**ASSIGNMENT**:
Look at each line below and count those with the word "lightlight"; the answer is that number only.

**SUPPLIED DATA**:
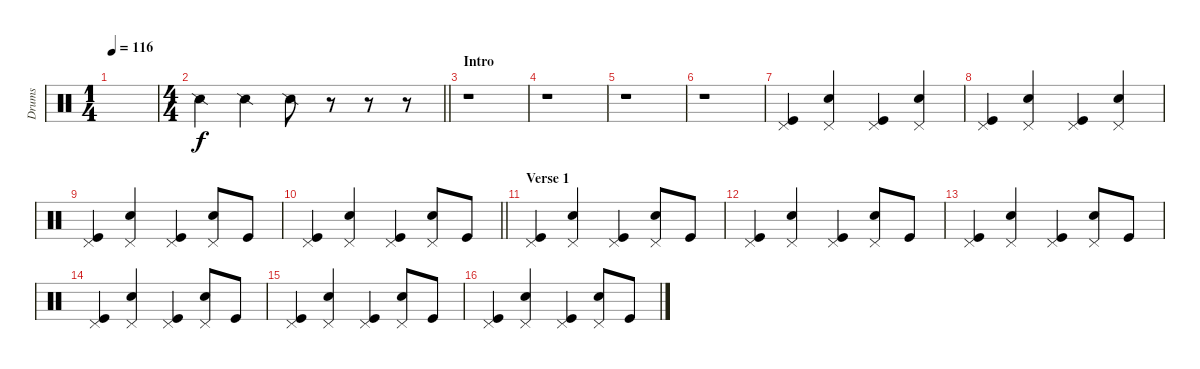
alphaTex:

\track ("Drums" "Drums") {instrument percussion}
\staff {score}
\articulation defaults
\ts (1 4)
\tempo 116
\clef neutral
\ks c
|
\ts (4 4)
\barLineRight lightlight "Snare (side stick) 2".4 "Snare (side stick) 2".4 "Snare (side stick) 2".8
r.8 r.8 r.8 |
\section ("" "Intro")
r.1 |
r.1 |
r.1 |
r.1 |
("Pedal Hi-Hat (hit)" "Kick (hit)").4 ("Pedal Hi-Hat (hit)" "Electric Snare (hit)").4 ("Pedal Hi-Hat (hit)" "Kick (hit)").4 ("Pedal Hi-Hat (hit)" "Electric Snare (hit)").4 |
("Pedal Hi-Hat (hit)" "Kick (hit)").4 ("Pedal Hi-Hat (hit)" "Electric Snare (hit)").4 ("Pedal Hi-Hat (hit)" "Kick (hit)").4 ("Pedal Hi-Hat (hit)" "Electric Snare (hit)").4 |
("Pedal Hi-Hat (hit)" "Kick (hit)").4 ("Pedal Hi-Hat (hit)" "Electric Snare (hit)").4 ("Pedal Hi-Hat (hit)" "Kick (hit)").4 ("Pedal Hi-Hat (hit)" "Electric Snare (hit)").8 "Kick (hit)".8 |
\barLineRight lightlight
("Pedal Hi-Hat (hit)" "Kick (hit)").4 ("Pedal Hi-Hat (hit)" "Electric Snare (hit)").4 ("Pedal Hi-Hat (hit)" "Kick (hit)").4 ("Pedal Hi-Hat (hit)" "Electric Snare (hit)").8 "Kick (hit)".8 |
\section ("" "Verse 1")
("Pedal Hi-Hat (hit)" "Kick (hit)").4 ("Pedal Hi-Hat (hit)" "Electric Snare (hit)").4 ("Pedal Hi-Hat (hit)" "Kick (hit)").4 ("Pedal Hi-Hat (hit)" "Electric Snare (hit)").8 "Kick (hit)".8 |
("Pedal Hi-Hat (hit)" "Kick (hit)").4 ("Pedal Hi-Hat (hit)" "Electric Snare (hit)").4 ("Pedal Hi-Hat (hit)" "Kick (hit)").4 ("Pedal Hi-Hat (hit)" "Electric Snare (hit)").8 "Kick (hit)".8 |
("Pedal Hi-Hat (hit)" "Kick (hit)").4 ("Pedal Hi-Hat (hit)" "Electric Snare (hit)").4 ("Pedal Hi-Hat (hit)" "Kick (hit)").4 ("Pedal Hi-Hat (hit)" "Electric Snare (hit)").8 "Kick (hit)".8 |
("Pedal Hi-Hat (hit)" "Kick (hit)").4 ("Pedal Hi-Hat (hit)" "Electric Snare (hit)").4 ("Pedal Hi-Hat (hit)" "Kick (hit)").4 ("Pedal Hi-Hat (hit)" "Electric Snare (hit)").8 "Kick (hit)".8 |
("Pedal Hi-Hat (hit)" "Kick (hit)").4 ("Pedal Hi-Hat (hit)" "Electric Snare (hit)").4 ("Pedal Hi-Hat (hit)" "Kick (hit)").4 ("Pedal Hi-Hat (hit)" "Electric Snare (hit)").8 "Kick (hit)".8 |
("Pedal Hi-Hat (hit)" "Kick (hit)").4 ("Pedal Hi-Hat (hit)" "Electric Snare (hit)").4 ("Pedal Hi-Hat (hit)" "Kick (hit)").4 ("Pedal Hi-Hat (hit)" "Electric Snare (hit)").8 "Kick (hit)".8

**TASK RESULT**:
2